Process Mineralogical Assessment of the Grinding Products of the Per Geijer Iron Oxide-Apatite Deposits

Information obtained from comminution test work at the laboratory scale can be utilized to characterize ore types and predict their behavior during comminution at the industrial scale. Comminution tests with a laboratory-scale rod and ball mill of 13 predefined ore types from the Per Geijer iron oxide-apatite deposits were conducted. The grinding setup refers to the so-called Malmberget method used at LKAB, characterized by a subsequent circuit of rod and ball mill grinding. The highest P₈₀ values were obtained by grinding only in the rod mill for 10 min (step A).
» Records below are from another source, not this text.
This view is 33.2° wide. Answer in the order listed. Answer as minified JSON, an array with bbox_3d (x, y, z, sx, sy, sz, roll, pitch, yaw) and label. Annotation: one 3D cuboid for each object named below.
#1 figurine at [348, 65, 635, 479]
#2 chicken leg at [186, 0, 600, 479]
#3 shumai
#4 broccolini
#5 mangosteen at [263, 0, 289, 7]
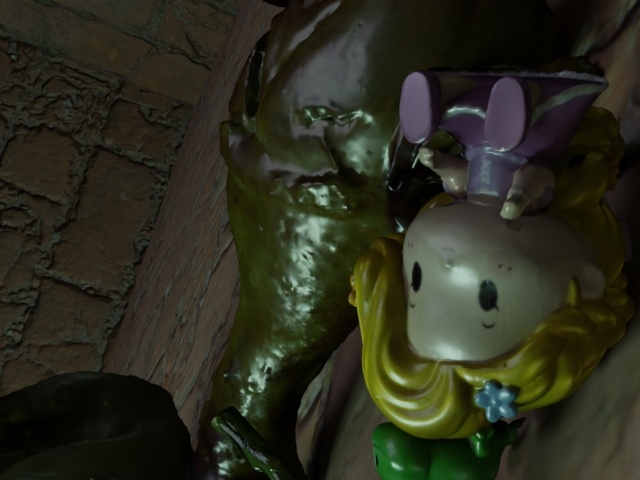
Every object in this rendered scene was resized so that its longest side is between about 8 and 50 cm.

Ball mill grinding for 25 min (step B) and 35 min (step C) gave a very narrow range of P₈₀ values. Hematite-dominated ore types had significantly higher P₈₀ values after the primary grinding step A compared to the other ore types. Generally, Fe content increased in finer particle size classes while CaO and P contents decreased. The influence of silicates or phosphates is dependent on the dominant iron oxide. Magnetite-dominated ore types are more likely to be affected in their comminution behavior by the presence of silicate minerals. In contrast, hematite-dominant ore types are instead influenced by the presence of apatite. The difference in the degree of liberation of magnetite and hematite between ore types depends on size fractions rather than the amount of gangue in the ore most likely caused by very fine intergrowth of both iron oxides. A consolidation from 13 to 8 ore types is favored, supporting possible future mining of the Per Geijer deposits.